The initial stage of devotion towards the Almighty Lord is the practice of Bhakti or the restlessness and yearning for God. It is also important that one practices Jnanayoga, Karmayoga and Bhaktiyoga. Controlling carnal desires and lust, coupled with spiritual austerity is the only path towards God realisation. The Gopis were able to successfully eviscerate all kinds of worldly pleasures and desires, and hence were able to experience the Rasalila and establish a communion with Lord Krishna. Rasalila was the climax of the Divine Love and it provided a feeling of eternal bliss or ananda. Radha, also revered as Adyashakti, is the most perfect illustration of selfless and intense love. The Vrindavana Lila of Lord Krishna was achieved after the performance of severe penance by the sages for many centuries. It is the intense yearning for the Lord i.e. Bhava, which essentially turns into Mahabhava or the ultimate feeling. An innocent mind, with child-like simplicity, is capable of understanding the minutest creation of the Lord.
Jayadeva and the robbers
On a particular occasion, Jayadeva could not manage to arrange sufficient funds to organise a festival in honour of Radha and Madhava. He decided to travel, so that he could arrange the appropriate funds, through his poetic and artistic skills. While he was returning, a gang of robbers robbed him of all the cash, cut his hands and feet and threw him into a well. Jayadeva continued to chant the names of the Lord loudly and on the third day, the King, who was out on a hunting expedition, discovered the plight of Jayadeva. The anguished King brought Jayadeva to his palace and treated him. Both the King and the Queen highly appreciated the divine aura of Jayadeva and devoted their lives to the service of the Lord.
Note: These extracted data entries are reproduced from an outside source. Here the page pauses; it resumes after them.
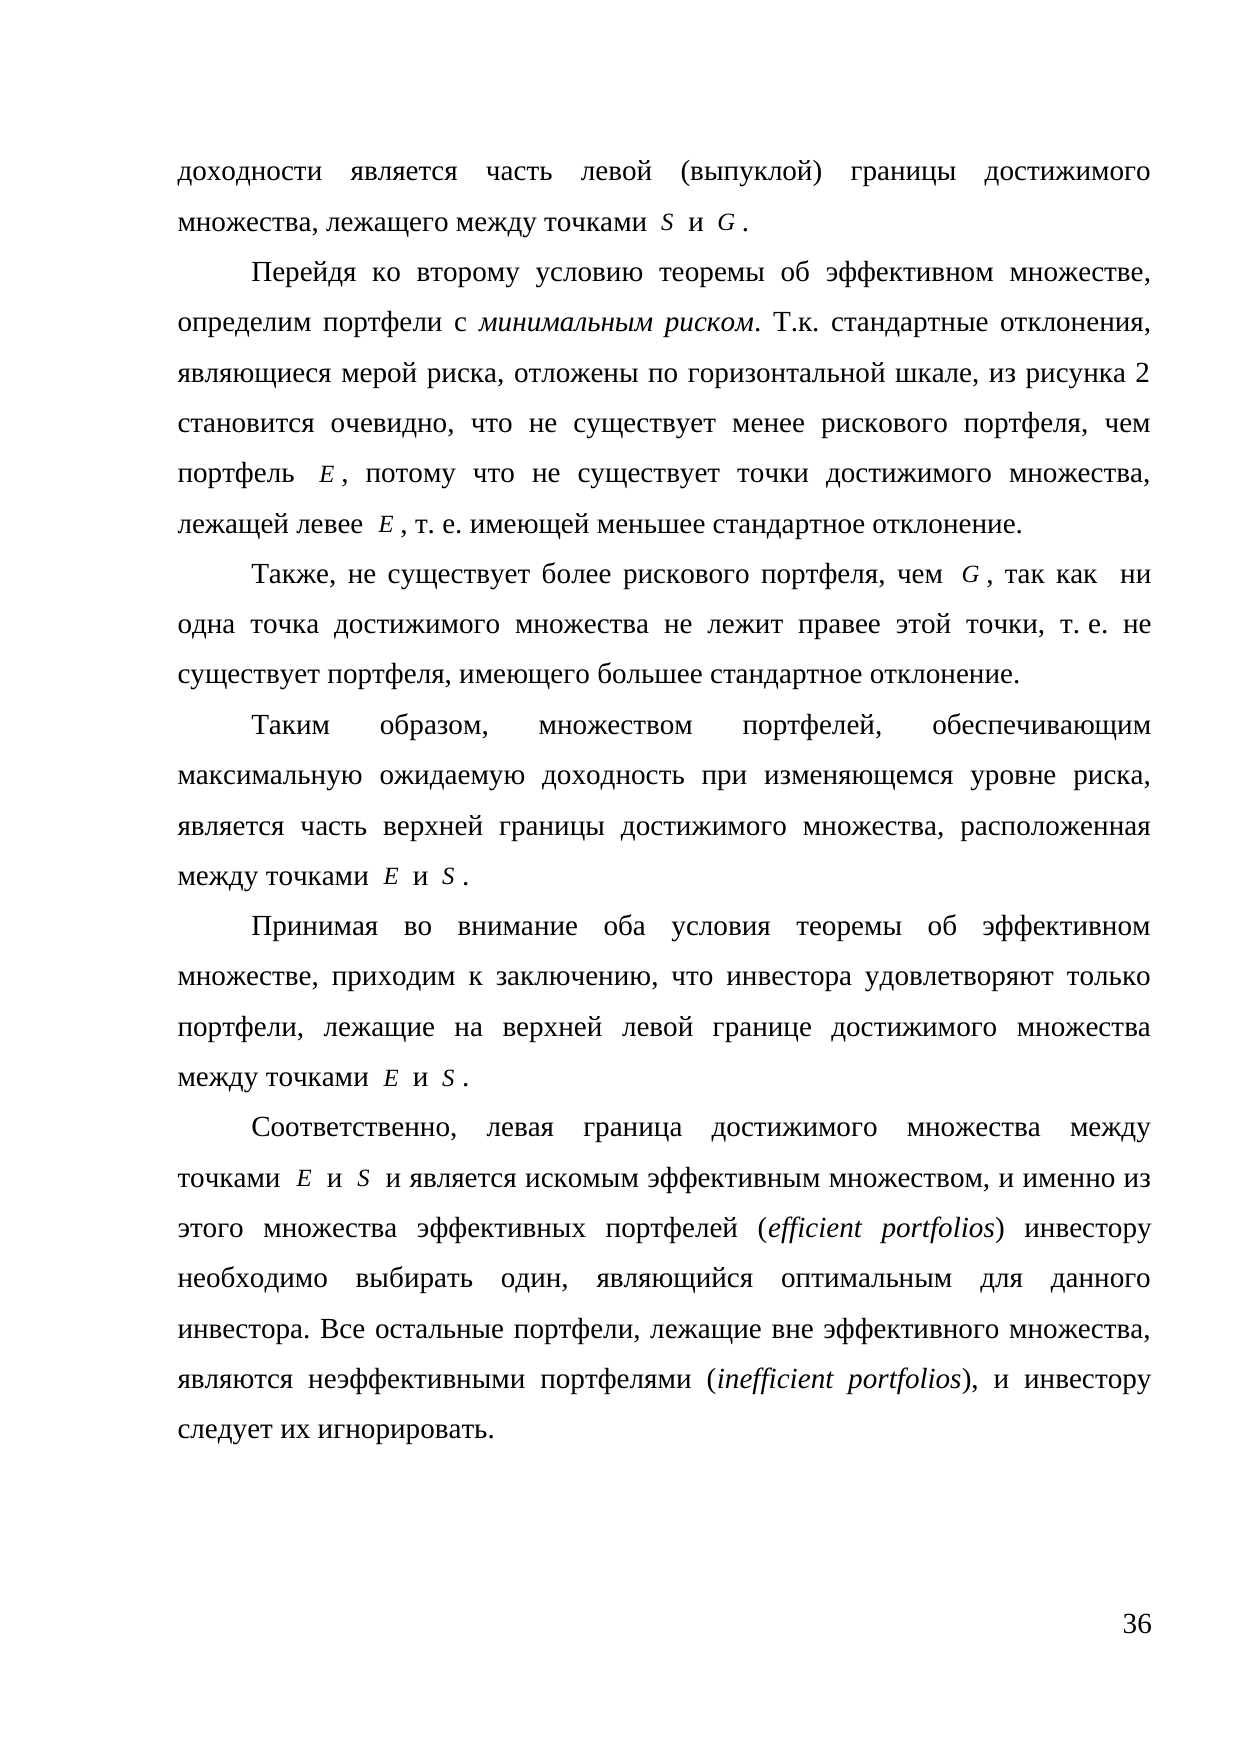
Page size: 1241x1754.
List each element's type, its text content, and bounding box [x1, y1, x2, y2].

text доходности является часть левой (выпуклой) границы достижимого множества, лежащего между точками и . [177, 153, 1152, 237]
text Перейдя ко второму условию теоремы об эффективном множестве, определим портфели с минимальным риском. Т.к. стандартные отклонения, являющиеся мерой риска, отложены по горизонтальной шкале, из рисунка 2 становится очевидно, что не существует менее рискового портфеля, чем портфель , потому что не существует точки достижимого множества, лежащей левее , т. е. имеющей меньшее стандартное отклонение. [177, 254, 1152, 539]
text Также, не существует более рискового портфеля, чем , так как ни одна точка достижимого множества не лежит правее этой точки, т. е. не существует портфеля, имеющего большее стандартное отклонение. [177, 556, 1152, 690]
text Таким образом, множеством портфелей, обеспечивающим максимальную ожидаемую доходность при изменяющемся уровне риска, является часть верхней границы достижимого множества, расположенная между точками и . [177, 707, 1152, 891]
text Принимая во внимание оба условия теоремы об эффективном множестве, приходим к заключению, что инвестора удовлетворяют только портфели, лежащие на верхней левой границе достижимого множества между точками и . [177, 908, 1152, 1093]
text Соответственно, левая граница достижимого множества между точками и и является искомым эффективным множеством, и именно из этого множества эффективных портфелей (efficient portfolios) инвестору необходимо выбирать один, являющийся оптимальным для данного инвестора. Все остальные портфели, лежащие вне эффективного множества, являются неэффективными портфелями (inefficient portfolios), и инвестору следует их игнорировать. [177, 1109, 1152, 1445]
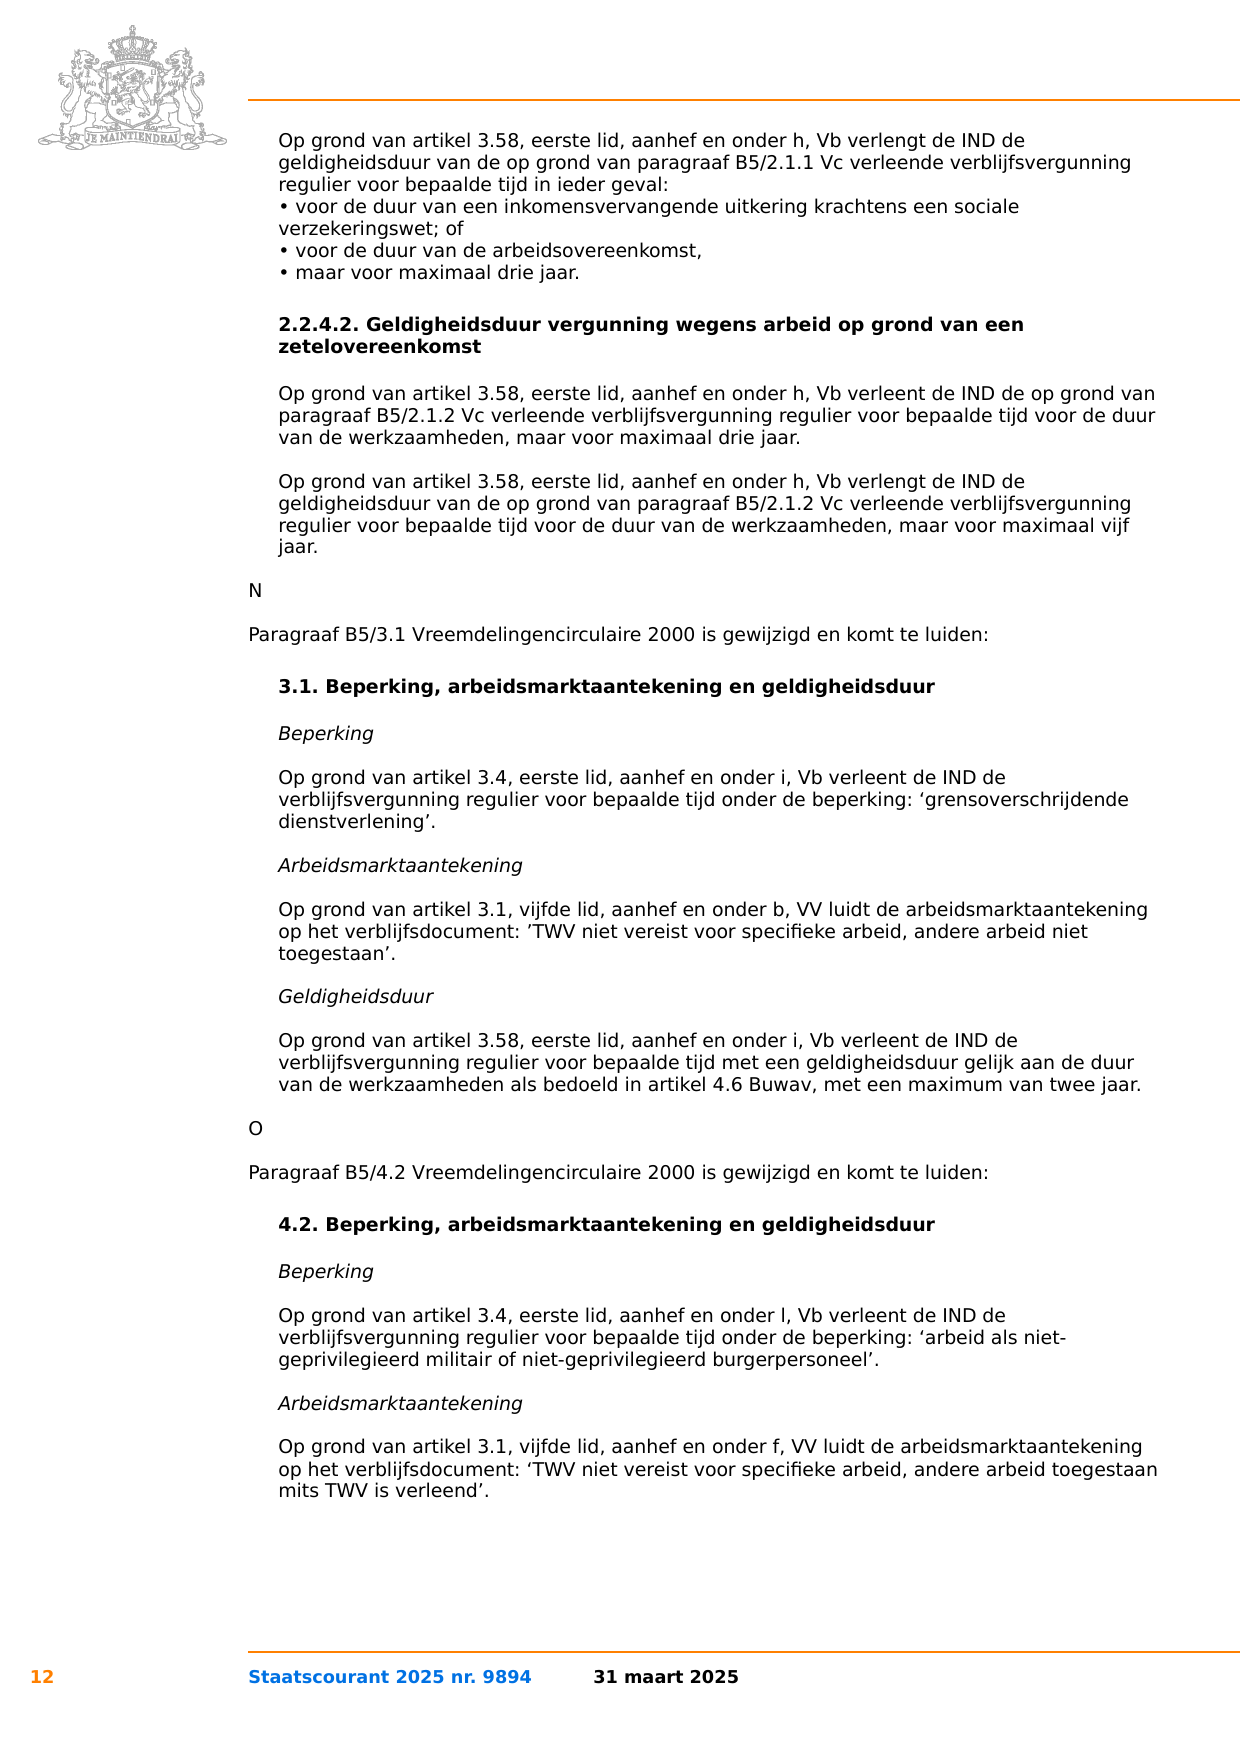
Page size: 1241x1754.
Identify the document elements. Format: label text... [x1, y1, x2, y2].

text Op grond van artikel 3.4, eerste lid, aanhef en onder l, Vb verleent de IND de verblijfsvergunning regulier voor bepaalde tijd onder de beperking: ‘arbeid als niet-geprivilegieerd militair of niet-geprivilegieerd burgerpersoneel’. [278, 1305, 1163, 1371]
text • maar voor maximaal drie jaar. [278, 262, 1163, 284]
subtitle 2.2.4.2. Geldigheidsduur vergunning wegens arbeid op grond van een zetelovereenkomst [278, 314, 1163, 358]
text Op grond van artikel 3.58, eerste lid, aanhef en onder h, Vb verlengt de IND de geldigheidsduur van de op grond van paragraaf B5/2.1.1 Vc verleende verblijfsvergunning regulier voor bepaalde tijd in ieder geval: [278, 130, 1163, 196]
text Op grond van artikel 3.58, eerste lid, aanhef en onder h, Vb verleent de IND de op grond van paragraaf B5/2.1.2 Vc verleende verblijfsvergunning regulier voor bepaalde tijd voor de duur van de werkzaamheden, maar voor maximaal drie jaar. [278, 383, 1163, 449]
subtitle Arbeidsmarktaantekening [278, 1393, 1163, 1414]
text Op grond van artikel 3.4, eerste lid, aanhef en onder i, Vb verleent de IND de verblijfsvergunning regulier voor bepaalde tijd onder de beperking: ‘grensoverschrijdende dienstverlening’. [278, 767, 1163, 833]
subtitle Beperking [278, 1261, 1163, 1283]
picture [38, 25, 227, 150]
text Op grond van artikel 3.1, vijfde lid, aanhef en onder f, VV luidt de arbeidsmarktaantekening op het verblijfsdocument: ‘TWV niet vereist voor specifieke arbeid, andere arbeid toegestaan mits TWV is verleend’. [278, 1436, 1163, 1502]
text Op grond van artikel 3.58, eerste lid, aanhef en onder h, Vb verlengt de IND de geldigheidsduur van de op grond van paragraaf B5/2.1.2 Vc verleende verblijfsvergunning regulier voor bepaalde tijd voor de duur van de werkzaamheden, maar voor maximaal vijf jaar. [278, 471, 1163, 558]
subtitle 4.2. Beperking, arbeidsmarktaantekening en geldigheidsduur [278, 1214, 1163, 1236]
text Op grond van artikel 3.58, eerste lid, aanhef en onder i, Vb verleent de IND de verblijfsvergunning regulier voor bepaalde tijd met een geldigheidsduur gelijk aan de duur van de werkzaamheden als bedoeld in artikel 4.6 Buwav, met een maximum van twee jaar. [278, 1030, 1163, 1096]
text O [248, 1118, 1163, 1140]
text N [248, 580, 1163, 602]
subtitle 3.1. Beperking, arbeidsmarktaantekening en geldigheidsduur [278, 676, 1163, 698]
text • voor de duur van een inkomensvervangende uitkering krachtens een sociale verzekeringswet; of [278, 196, 1163, 240]
text Op grond van artikel 3.1, vijfde lid, aanhef en onder b, VV luidt de arbeidsmarktaantekening op het verblijfsdocument: ’TWV niet vereist voor specifieke arbeid, andere arbeid niet toegestaan’. [278, 899, 1163, 964]
subtitle Geldigheidsduur [278, 986, 1163, 1008]
subtitle Arbeidsmarktaantekening [278, 855, 1163, 877]
text Paragraaf B5/3.1 Vreemdelingencirculaire 2000 is gewijzigd en komt te luiden: [248, 624, 1163, 646]
text Paragraaf B5/4.2 Vreemdelingencirculaire 2000 is gewijzigd en komt te luiden: [248, 1162, 1163, 1184]
text • voor de duur van de arbeidsovereenkomst, [278, 240, 1163, 262]
subtitle Beperking [278, 723, 1163, 745]

One day, the robbers who had attacked Jayadeva, disguised as devotees, appeared in the palace. Jayadeva instantly recognized them, but did not react. Instead, he behaved politely with them and even requested the King to gift them lots of money. On their way back, the robbers said to the servants that they were the persons responsible for Jayadeva’s plight and that they had done so as per the directions of a priest. As soon as they lied, the entire earth swallowed up the sinners. Thus, they were punished by the Almighty himself, instead of any revenge from Jayadeva.
Padmavati is tested
Performance of the sacrificial Sati was very much in vogue those days. To test the loyalty of Padmavati towards Jayadeva, one day the Queen announced that Jayadeva has passed away. Immediately Padmavati gave her life away. The Queen was terrified and out of her sense of guilt pleaded Jayadeva to put life back into Padmavati’s corpse. Jayadeva slowly whispered the words ‘Lord Krishna’, in her ears and immediately Padmavati started breathing.
Jayadeva Goes to Vrindavan
Later, Jayadeva, along with his deities i.e. Radha and Madhava, went to Vrindavana and began to serve his deities, near Keshi Ghat. Every day he used to sing the Geeta Govinda and enthralled the residents of the area with his sweet voice. One of the merchants in the area built large temples dedicated to the deities.
There are different beliefs regarding the place of death of Jayadeva. Some believe that it was Jagannath Puri, others believe that it was Vrindavan. It is believed that before his death, Jayadeva had spent a considerable amount of time at Vrindavan. It is also widely believed that Jayadeva passed away on the sixth day of the waning moon, in the month of Pousha.